*** DATA SHOWN Section Begins ***
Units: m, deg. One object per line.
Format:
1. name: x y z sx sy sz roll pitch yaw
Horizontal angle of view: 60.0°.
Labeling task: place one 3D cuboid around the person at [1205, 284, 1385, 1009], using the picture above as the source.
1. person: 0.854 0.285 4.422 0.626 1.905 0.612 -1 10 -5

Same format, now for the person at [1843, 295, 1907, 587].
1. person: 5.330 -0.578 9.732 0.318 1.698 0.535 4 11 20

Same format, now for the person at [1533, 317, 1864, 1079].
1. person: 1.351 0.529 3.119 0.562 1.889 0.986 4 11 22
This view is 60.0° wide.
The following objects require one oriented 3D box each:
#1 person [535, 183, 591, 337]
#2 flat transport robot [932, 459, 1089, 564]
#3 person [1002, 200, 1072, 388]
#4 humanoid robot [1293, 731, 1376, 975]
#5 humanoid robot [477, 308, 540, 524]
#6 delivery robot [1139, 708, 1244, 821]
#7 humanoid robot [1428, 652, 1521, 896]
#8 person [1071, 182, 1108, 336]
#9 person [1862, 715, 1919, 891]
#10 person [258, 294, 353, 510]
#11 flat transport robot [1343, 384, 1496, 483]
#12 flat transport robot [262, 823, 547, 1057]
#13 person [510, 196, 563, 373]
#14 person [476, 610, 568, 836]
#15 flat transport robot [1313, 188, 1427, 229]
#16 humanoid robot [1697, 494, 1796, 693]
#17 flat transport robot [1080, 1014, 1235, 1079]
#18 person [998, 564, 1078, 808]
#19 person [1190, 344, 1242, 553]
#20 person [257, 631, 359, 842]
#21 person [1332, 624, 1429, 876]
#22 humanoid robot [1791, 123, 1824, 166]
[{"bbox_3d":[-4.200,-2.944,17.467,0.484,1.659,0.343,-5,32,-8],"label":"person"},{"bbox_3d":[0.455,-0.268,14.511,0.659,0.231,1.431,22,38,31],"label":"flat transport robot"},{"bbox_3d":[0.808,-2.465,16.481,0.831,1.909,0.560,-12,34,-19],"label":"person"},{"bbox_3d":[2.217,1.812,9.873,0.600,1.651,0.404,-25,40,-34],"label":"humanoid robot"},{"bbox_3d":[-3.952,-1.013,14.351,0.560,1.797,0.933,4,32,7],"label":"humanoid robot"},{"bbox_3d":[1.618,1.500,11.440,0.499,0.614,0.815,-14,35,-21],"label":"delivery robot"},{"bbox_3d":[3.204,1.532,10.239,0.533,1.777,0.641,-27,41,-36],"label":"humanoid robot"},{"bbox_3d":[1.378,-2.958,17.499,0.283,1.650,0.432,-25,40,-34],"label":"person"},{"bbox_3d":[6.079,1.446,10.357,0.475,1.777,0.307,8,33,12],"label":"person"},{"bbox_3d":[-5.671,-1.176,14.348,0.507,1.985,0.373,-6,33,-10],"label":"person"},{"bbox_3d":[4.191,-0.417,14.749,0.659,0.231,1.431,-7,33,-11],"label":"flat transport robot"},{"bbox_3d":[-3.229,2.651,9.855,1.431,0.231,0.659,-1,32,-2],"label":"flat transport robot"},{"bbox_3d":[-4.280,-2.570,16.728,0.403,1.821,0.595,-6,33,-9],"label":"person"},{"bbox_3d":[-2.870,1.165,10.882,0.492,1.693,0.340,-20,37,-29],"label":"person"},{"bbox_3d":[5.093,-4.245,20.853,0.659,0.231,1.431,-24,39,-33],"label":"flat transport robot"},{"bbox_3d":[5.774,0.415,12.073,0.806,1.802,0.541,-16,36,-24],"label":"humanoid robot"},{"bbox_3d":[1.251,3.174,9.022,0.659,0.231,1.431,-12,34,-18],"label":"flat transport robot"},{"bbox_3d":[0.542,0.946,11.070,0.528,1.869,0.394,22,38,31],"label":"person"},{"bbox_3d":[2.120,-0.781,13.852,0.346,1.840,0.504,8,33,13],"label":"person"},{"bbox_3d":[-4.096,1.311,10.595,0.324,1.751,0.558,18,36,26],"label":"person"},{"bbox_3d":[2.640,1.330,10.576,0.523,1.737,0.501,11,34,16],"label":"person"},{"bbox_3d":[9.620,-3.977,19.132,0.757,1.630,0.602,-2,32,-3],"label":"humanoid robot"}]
*** DATA SHOWN Section Ends ***
# WHAT TO DO
Set down nothing but the lines from the one with "#14 person [476, 610, 568, 836]" through the end of the records, keeping each line exactly as written and including both ends.

# TASK RESULT
#14 person [476, 610, 568, 836]
#15 flat transport robot [1313, 188, 1427, 229]
#16 humanoid robot [1697, 494, 1796, 693]
#17 flat transport robot [1080, 1014, 1235, 1079]
#18 person [998, 564, 1078, 808]
#19 person [1190, 344, 1242, 553]
#20 person [257, 631, 359, 842]
#21 person [1332, 624, 1429, 876]
#22 humanoid robot [1791, 123, 1824, 166]
[{"bbox_3d":[-4.200,-2.944,17.467,0.484,1.659,0.343,-5,32,-8],"label":"person"},{"bbox_3d":[0.455,-0.268,14.511,0.659,0.231,1.431,22,38,31],"label":"flat transport robot"},{"bbox_3d":[0.808,-2.465,16.481,0.831,1.909,0.560,-12,34,-19],"label":"person"},{"bbox_3d":[2.217,1.812,9.873,0.600,1.651,0.404,-25,40,-34],"label":"humanoid robot"},{"bbox_3d":[-3.952,-1.013,14.351,0.560,1.797,0.933,4,32,7],"label":"humanoid robot"},{"bbox_3d":[1.618,1.500,11.440,0.499,0.614,0.815,-14,35,-21],"label":"delivery robot"},{"bbox_3d":[3.204,1.532,10.239,0.533,1.777,0.641,-27,41,-36],"label":"humanoid robot"},{"bbox_3d":[1.378,-2.958,17.499,0.283,1.650,0.432,-25,40,-34],"label":"person"},{"bbox_3d":[6.079,1.446,10.357,0.475,1.777,0.307,8,33,12],"label":"person"},{"bbox_3d":[-5.671,-1.176,14.348,0.507,1.985,0.373,-6,33,-10],"label":"person"},{"bbox_3d":[4.191,-0.417,14.749,0.659,0.231,1.431,-7,33,-11],"label":"flat transport robot"},{"bbox_3d":[-3.229,2.651,9.855,1.431,0.231,0.659,-1,32,-2],"label":"flat transport robot"},{"bbox_3d":[-4.280,-2.570,16.728,0.403,1.821,0.595,-6,33,-9],"label":"person"},{"bbox_3d":[-2.870,1.165,10.882,0.492,1.693,0.340,-20,37,-29],"label":"person"},{"bbox_3d":[5.093,-4.245,20.853,0.659,0.231,1.431,-24,39,-33],"label":"flat transport robot"},{"bbox_3d":[5.774,0.415,12.073,0.806,1.802,0.541,-16,36,-24],"label":"humanoid robot"},{"bbox_3d":[1.251,3.174,9.022,0.659,0.231,1.431,-12,34,-18],"label":"flat transport robot"},{"bbox_3d":[0.542,0.946,11.070,0.528,1.869,0.394,22,38,31],"label":"person"},{"bbox_3d":[2.120,-0.781,13.852,0.346,1.840,0.504,8,33,13],"label":"person"},{"bbox_3d":[-4.096,1.311,10.595,0.324,1.751,0.558,18,36,26],"label":"person"},{"bbox_3d":[2.640,1.330,10.576,0.523,1.737,0.501,11,34,16],"label":"person"},{"bbox_3d":[9.620,-3.977,19.132,0.757,1.630,0.602,-2,32,-3],"label":"humanoid robot"}]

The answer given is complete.